Photo : ONFR / Rudy Chabannes

TORONTO – Débouté en première instance par la Cour supérieure de l’Ontario, un justiciable francophone porte sa cause en appel et demande que la province respecte ses engagements à offrir les mêmes chances de traitement des affaires qu’elles soient en français ou en anglais.

La cause d’Abdelmajid Rahmouni a été entendue ce vendredi par la Cour d’appel, plus haut tribunal de la province. Mise en délibéré, l’issue de ce combat juridique pourrait avoir des conséquences sur l’équité linguistique devant les tribunaux ontariens pour l’ensemble des justiciables francophones.

Cela fait presque quatre ans que cet un enseignant, en litige avec l’Association des enseignantes et enseignants de l’Ontario (AEFO), patiente pour que le Tribunal des droits de la personne de l’Ontario (TDPO) traite sa plainte en français. Un délai d’attente jugé inacceptable qu’il l’a déterminé à engager un bras de fer juridique contre la province, afin de la contraindre à instaurer un quorum minimum de décideurs bilingues.

Pour obtenir une justice aussi rapide en français qu’en anglais, il suffirait que le procureur général recommande plus de juges francophones à la lieutenante-gouverneure, chargée de leur nomination, estime le plaignant. Le problème est qu’aucune loi régissant les nominations aux tribunaux décisionnels n’impose des compétences linguistiques.

Abdelmajid Rahmouni est depuis juillet 2020 en conflit avec l’AEFO dont il est membre du conseil d’administration de l’AEFO et président de l’unité locale 58. Photo : ONFR / Rudy Chabannes

Ses espoirs ont toutefois été balayés une première fois par la Cour supérieure en novembre dernier, par une motion en radiation, le juge estimant que cette requête ne relevait pas de la compétence de la Cour supérieure mais celle de la Cour divisionnaire et que sa déclaration ne reposait sur aucune cause d’action fondée.

M. Rahmouni s’est donc tourné vers la Cour d’appel pour tenter d’inverser la décision, invoquant la Loi sur les services en français, la Charte canadienne des droits et libertés, la Loi constitutionnelle de 1867 mais aussi les clauses linguistiques rattachées au Protocole d’entente engageant le Procureur général de l’Ontario et Tribunaux décisionnels Ontario (TDO, instance qui administre le TDPO).

Ce dernier prévoit que les services en français doivent être « clairement annoncés, visibles, faciles d’accès et de qualité équivalente aux services offerts en anglais ».

La partie adverse représentant le procureur général de l’Ontario a demandé de son côté une ordonnance rejetant cet appel, estimant entre autres que le juge de la motion n’a commis aucune erreur.

Actuellement, la Politique sur les services en français de TDO prévoit bien que du personnel bilingue soit assigné à une audience sur le fond lorsqu’une partie demande qu’une instance soit instruite en français.
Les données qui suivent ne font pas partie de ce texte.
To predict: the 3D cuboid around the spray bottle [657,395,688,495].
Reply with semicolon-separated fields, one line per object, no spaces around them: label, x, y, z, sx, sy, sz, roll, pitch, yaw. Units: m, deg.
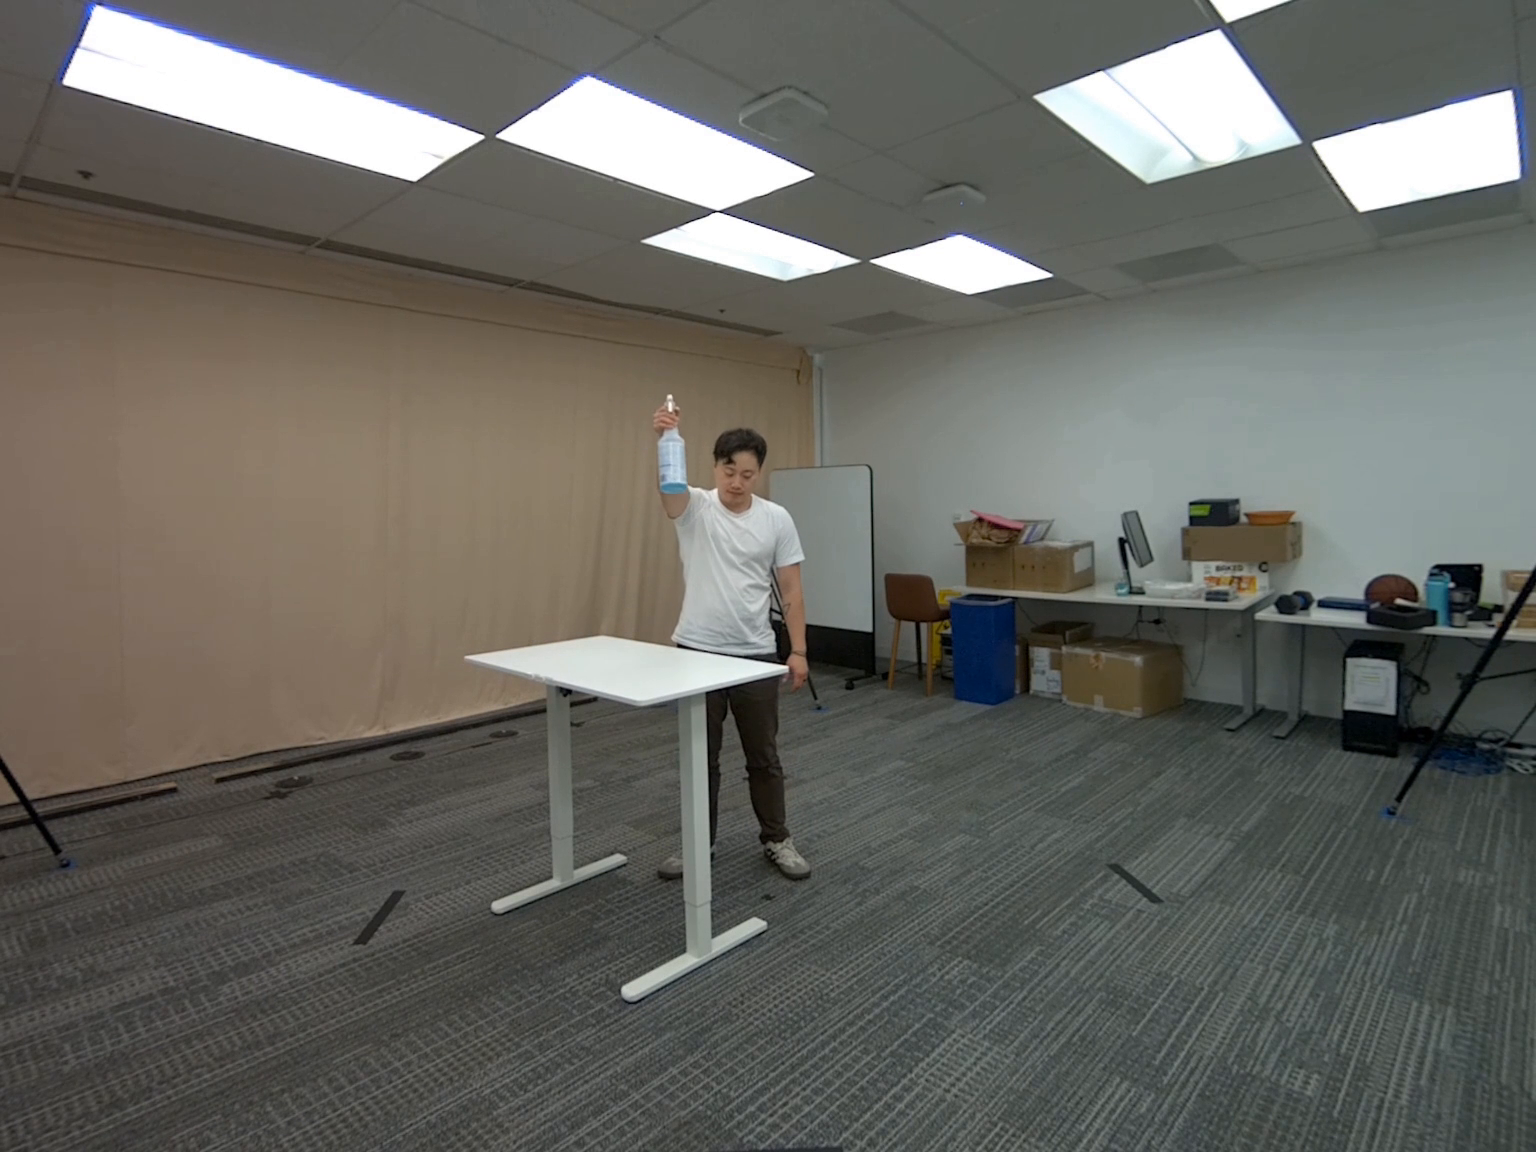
spray bottle;-0.301;-0.408;2.650;0.089;0.299;0.088;-6;-8;19
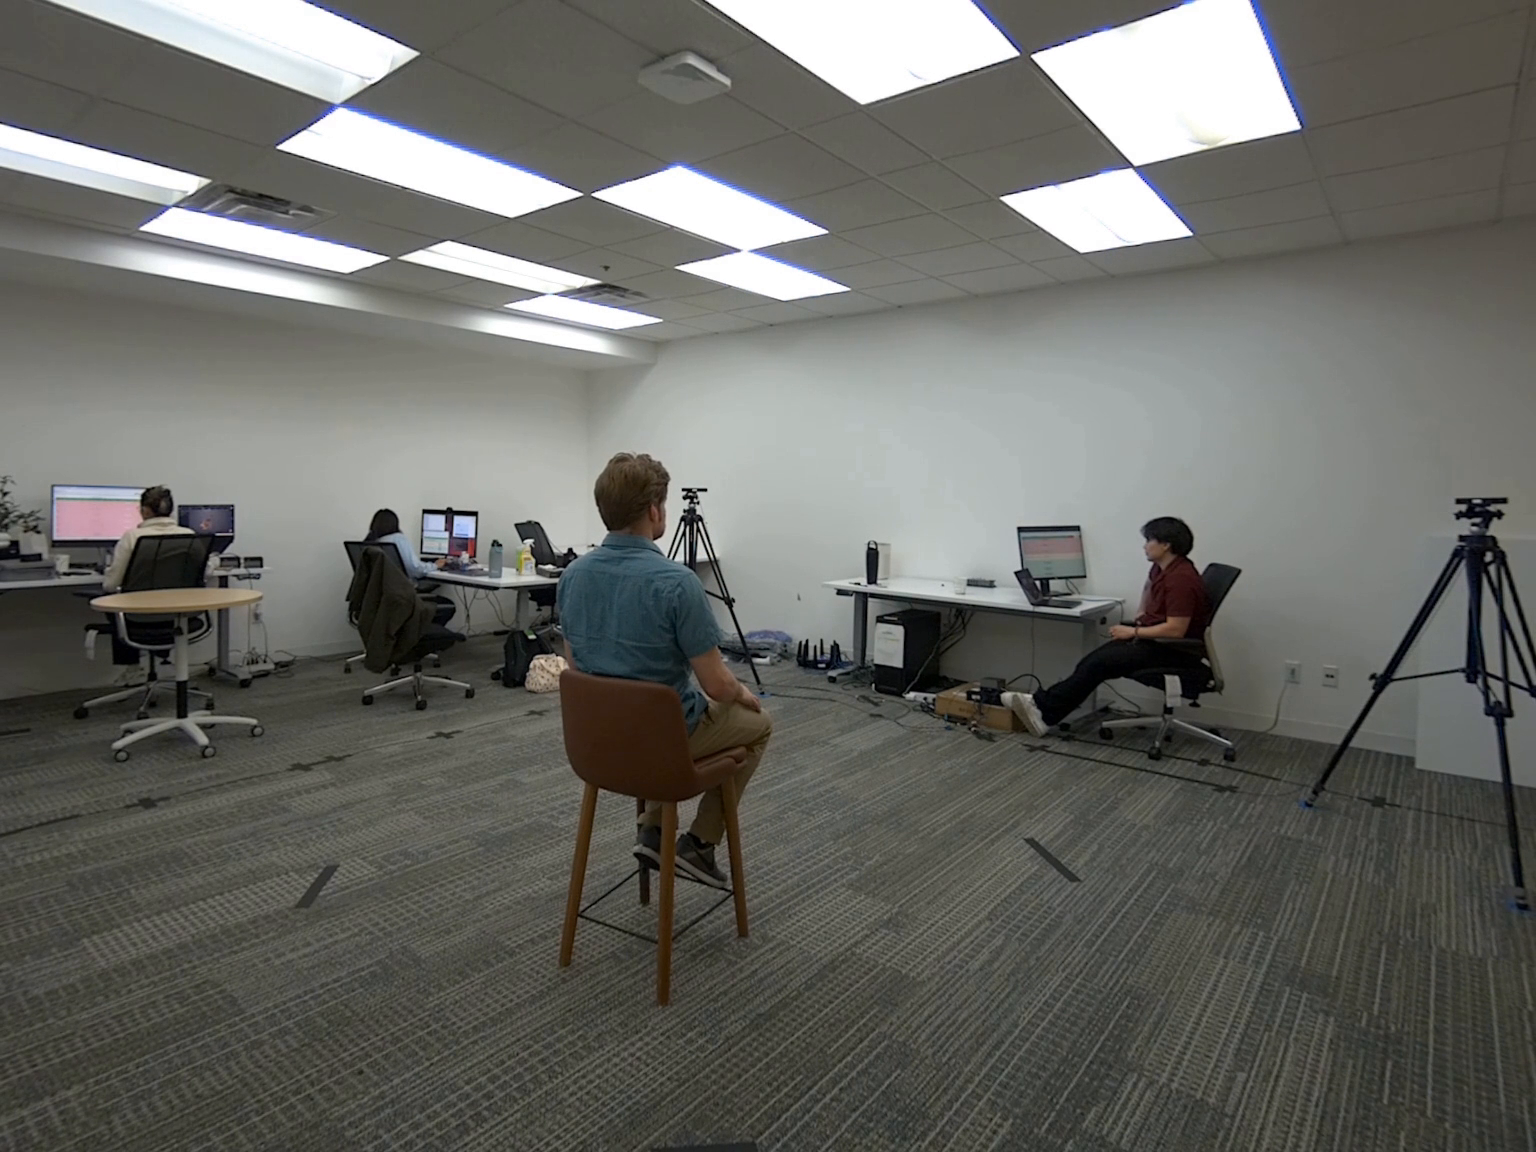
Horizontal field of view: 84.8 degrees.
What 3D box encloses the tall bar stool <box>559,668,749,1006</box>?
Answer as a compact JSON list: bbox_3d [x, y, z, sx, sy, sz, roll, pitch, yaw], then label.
[{"bbox_3d":[-0.352,0.686,2.536,0.470,0.886,0.457,2,6,30],"label":"tall bar stool"}]
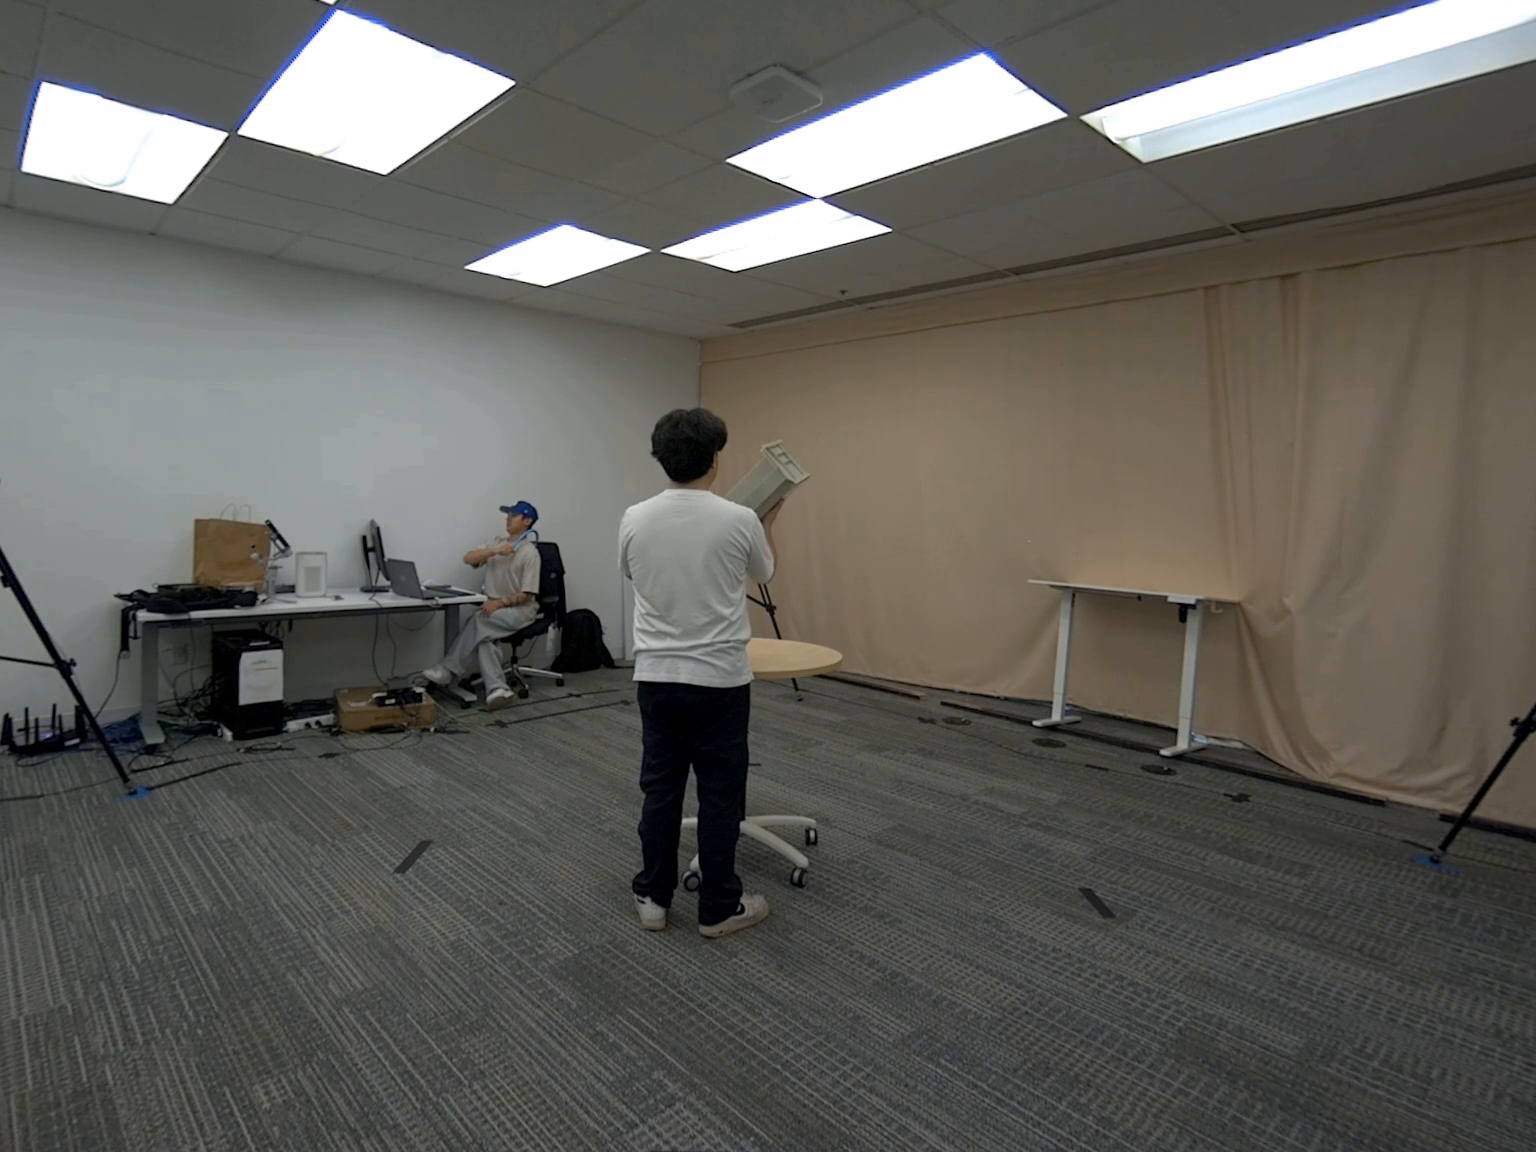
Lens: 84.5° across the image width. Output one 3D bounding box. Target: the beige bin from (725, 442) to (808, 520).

Mais dans les faits, l’avocat de M. Rahmouni, Me Pierre Lermusieaux, pointe des délais inacceptables, estimant que « le juge de motion a erré en droit » en concluant que la Cour supérieure n’était pas compétente pour entendre son action et en ne prenant pas en compte l’incapacité du TDPO à redresser les manquements au Protocole.

Me Pierre Lermusieaux, avocat défendant l’enseignant Abdelmajid Rahmouni. Photo : ONFR / Rudy Chabannes

S’il parvient à convaincre le juge, il pourrait obtenir l’obligation de la lieutenante-gouverneure en Conseil de l’Ontario de nommer et maintenir au sein du TDPO un quorum minimum de membres capables d’entendre des causes, communiquer avec les parties, considérer les éléments de preuve, et rendre des décisions entièrement en français. Il espère du même coup, contraindre le procureur général de toujours recommander à la lieutenante-gouverneure un quorum minimum de tels candidats pour nomination.

Cette obligation pourrait aboutir même si le jugement de première instance était confirmé en appel, pense Me Lermusieaux. « Dans l’hypothèse où la Cour d’appel confirme la radiation de la déclaration, il est dans l’intérêt de la justice d’autoriser sa modification pour corriger les déficiences identifiées, tel que l’a confirmé le juge de motion dans ses conclusions », plaide l’avocat dans son mémoire d’appel.